LAVIS
LAVIS copied to clipboard
Discrepancy with BLIP paper results when using PyTorch > 1.10
I was trying to reproduce results with BLIP on VQAv2 test-dev and I observed a non-negligible difference between the VQA accuracy obtained using the published checkpoint (77.41%) and the number reported in the paper (78.25%).

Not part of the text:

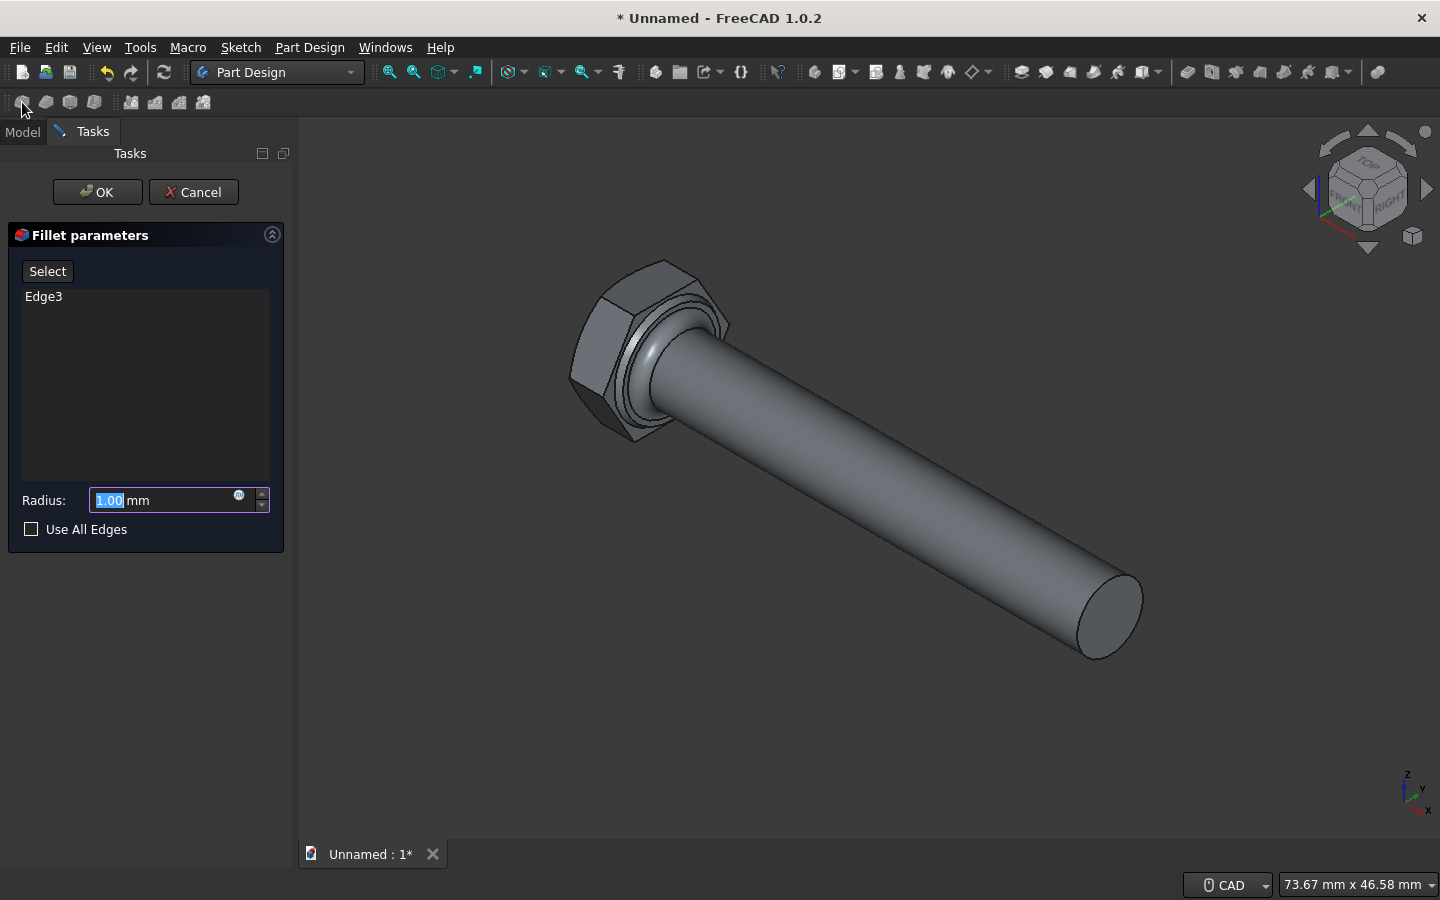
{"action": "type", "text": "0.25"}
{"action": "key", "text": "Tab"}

These are the steps I followed:
- Clone this repo
- Install dependencies with
pip install .
- Create a symlink
cache/coco/images
pointing to the local copy of the COCO images - Modify
lavis/projects/blip/eval/vqav2_eval.yaml
as follows: - Run
python -m torch.distributed.run --nproc_per_node=4 evaluate.py --cfg-path lavis/projects/blip/eval/vqav2_eval.yaml
(note I only have 4 A100 GPUs available) - Submit the
test_vqa_result.json
file generated inlavis/output/BLIP/VQA/...
to EvalAI
After some debugging, I narrowed it down to a discrepancy in PyTorch versions: I was using the latest version (1.13.0), while LAVIS fixes the version to 1.10.0. So there is some change between PyTorch 1.10 and PyTorch 1.13 which causes a performance degradation when loading a checkpoint trained on 1.10. After downgrading the PyTorch version to 1.10.0, I am able to achieve 78.24% VQA accuracy on VQAv2 test-dev, almost the same number reported in the paper.
Hi @oscmansan ,
Thanks for raising the issue and providing the detailed reporting. We are now subscribed to this issue.
I will do the following:
- [ ] Check the issue with Torch>1.10.
- [ ] Localize the source of issue.
However, please expect some delays and stick with Torch 1.10 before this is fully investigated.
Thanks.
I wonder how to install successfully with torch >1.10.0
There always is an error about torch vision
I got the same result (77.41%) with you and I will try torch 1.10 now.
When using pytorch1.10, right result can be got.